DNA methylation can be analyzed on a large scale in methylome-wide association studies (MWAS), which measure the statistical association between methylation levels and a phenotype, similar to the process of genome-wide association studies (GWAS) [1, 2]. Methylation scores (MS) are constructed from MWAS results, analogous to polygenic risk scores (PRS) in GWAS. This creates a single score as a way of interpreting the association study.

MS have shown promise in the study of complex mental disorders such as schizophrenia [3]. We recently showed that 3.5% of schizophrenia phenotypic variability could be explained by methylation using a pruning and thresholding (P + T) method for computing MS [4]. However, there are several advanced methods, developed for PRS, outperforming P + T, that have yet to be tested for MS [5,6,7]. Many of these methods use summary statistics, which enable pooling of data from multiple studies, and employ techniques such as Bayesian regression, regularized linear regression, and Markov chain Monte Carlo algorithms. One of the most popular and best-performing implementations of such a method is the R package LDpred2, which utilizes a Gibbs sampler using external reference linkage disequilibrium (LD) correlation maps as prior [8, 9].

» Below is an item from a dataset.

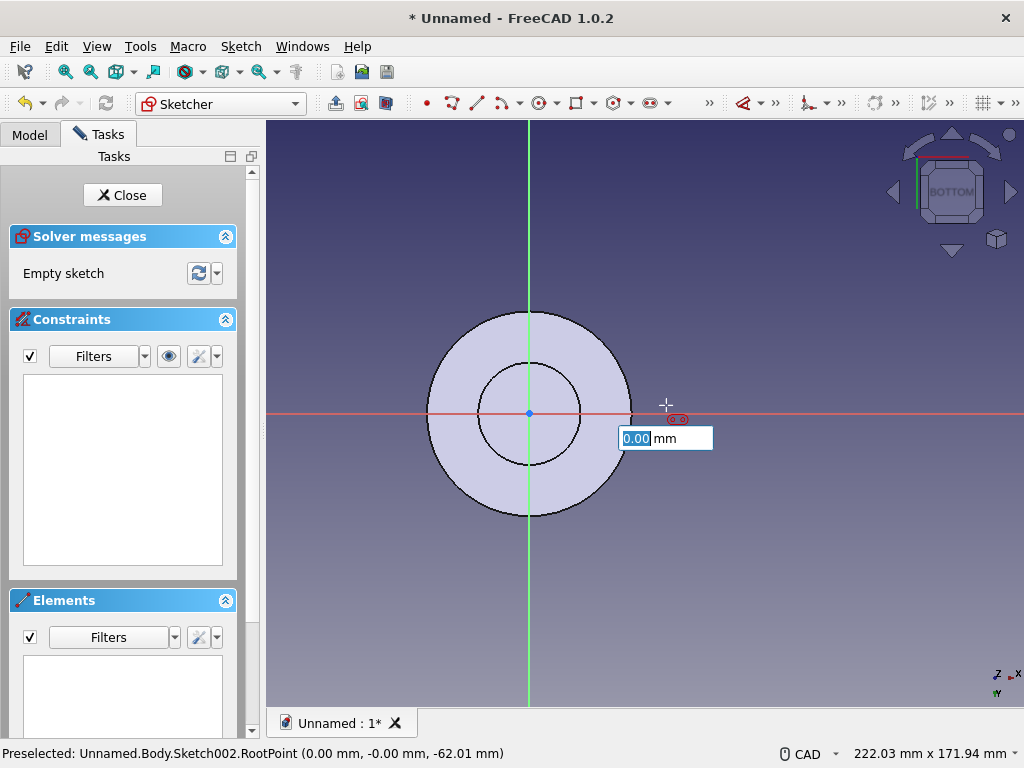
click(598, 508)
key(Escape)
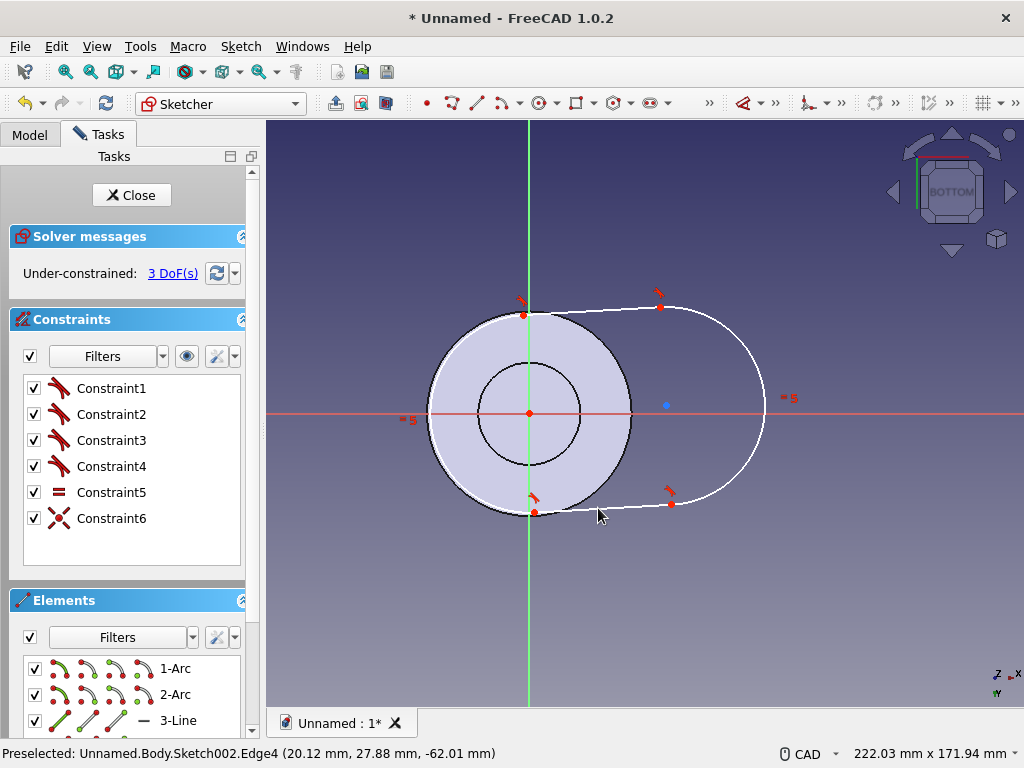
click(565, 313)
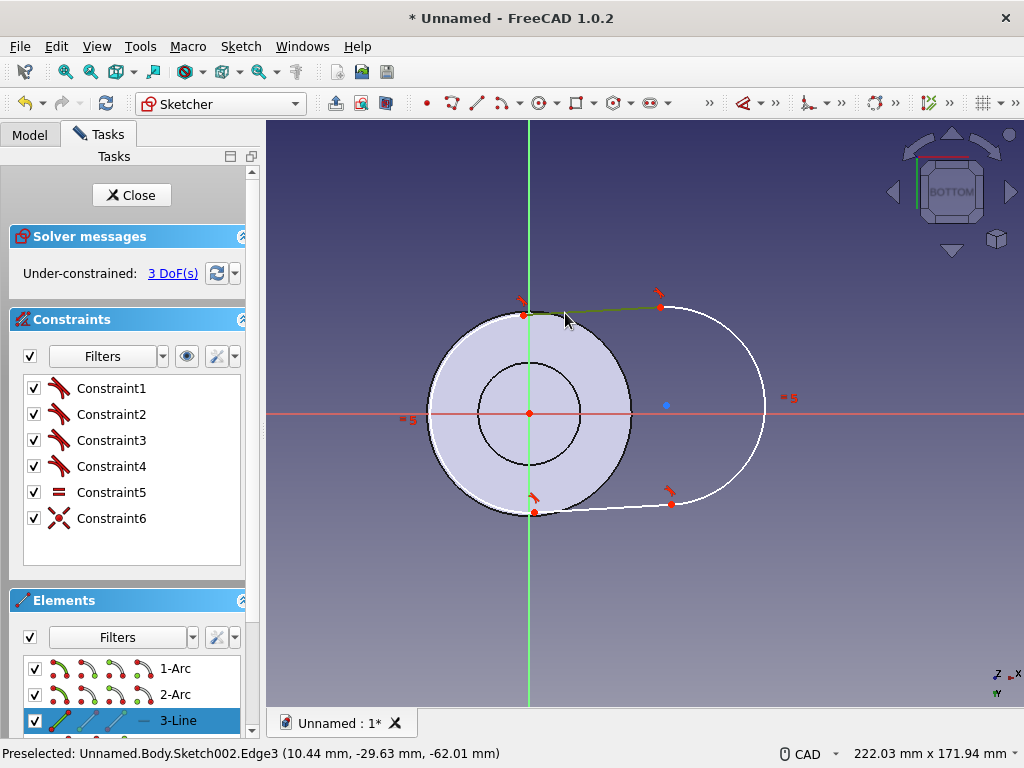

Here, we aimed to adapt LDpred2 for methylation data and compare the resulting MS with the hitherto best-performing P + T method mentioned above. To this end, the study comprised the following objectives:

  1. I)

    Finding a suitable substitute for LD as a prior, since LD does not structurally characterize methylation. Co-methylated regions (CMRs) and topologically associating domains (TADs) were tested as priors [10, 11].

  2. II)

    Creating MS using these priors with LDpred2 from schizophrenia MWAS summary statistics [4], to facilitate comparison with the P + T method.

  3. III)

    Evaluating the results using the same process as Tesfaye et al. [4], by regressing the MS against the known phenotypes, obtaining a pseudo R2-value for the model.

Main text

Data

The training data (N = 2,015) for the LDpred2 MS models was obtained from the EWAS meta-analysis of schizophrenia described in our previous publication [4]. Pre-processed individual-level peripheral blood methylation data from schizophrenia and control samples from the NORMENT TOP sample was used as test data (N = 1,227) [12]. The test data methylation betas have been residualized, removing the effects of the covariates age, smoking scores, estimated cell-type proportions, batch effects, genotype principal components, methylation principal components, and surrogate variables [4].

Methods

The following R packages were used: CoMeBack version 0.1.0, bigsnpr version 1.12.2, which includes bigstatsr and LDpred2 [10, 13].

LDpred2

LDpred2 uses a Gibbs sampler with a Bayesian approach, where posterior effect sizes are calculated from GWAS summary statistics and an LD prior [5]. The LDpred2 workflow allows for use of a pre-specified set of LD blocks from an external reference, instead of the standard sliding-window approach. A critical aspect of this method is the use of a probe-probe pairwise sparse correlation matrix.

CoMeBack

CoMeBack calculates CMRs and assigns probes based on genomic proximity and correlation in methylation levels from a test set [10]. The package also considers the number of known methylation sites between the probes to define a CMR. Important settings in CoMeBack are corlo: the probe-probe correlation threshold, maxprbdst: the maximum distance between probes, and corlodst: the maximum distance between inter-probe CpGs.

Implementation

The models were created using the LDpred2-auto function, which infers the hyperparameters h2 and p internally and does not require a validation set [5]. Correlation matrices were created by clustering the probes in the test set using the processes described below, and by calculating the pairwise probe-probe Pearson correlations in methylation levels within each cluster or block. Only probes common to both the training and the test set were used in the analysis.

Co-methylated regions

CoMeBack was used to create CMR clusters with the following lenient settings, to allow for as many probes as possible to cluster, while keeping the thresholds reasonable: corlo = 0.2, maxprbdst = 100,000 bp, and corlodst = 800 bp. These clusters were used as blocks in the correlation matrix. A second matrix was created using only the non-singleton clusters from this analysis, i.e. clusters containing two or more probes. The h2-value produced in the pipeline was negative for the non-singleton matrix, which is not allowed in the Gibbs sampler. Therefore, the h2-value was set to 10− 5 in this analysis before proceeding.

Sliding window approach

The CoMeBack pipeline was modified to only consider genomic proximity, by setting corlo = 10− 10, effectively creating a sliding window process which clusters probes on each chromosome. Bypassing the correlation element is not a major issue since the correlations are taken into account in the LDpred2 Gibbs sampler when calculating the posterior effect sizes [5]. Six versions were created with window sizes 5 kilobases (kb), 10 kb, 20 kb, 100 kb, 500 kb and 1 megabase (Mb). Both maxprbdst and corlodst were set to the respective window size in each analysis. Correlation matrices were produced using these clusters as blocks.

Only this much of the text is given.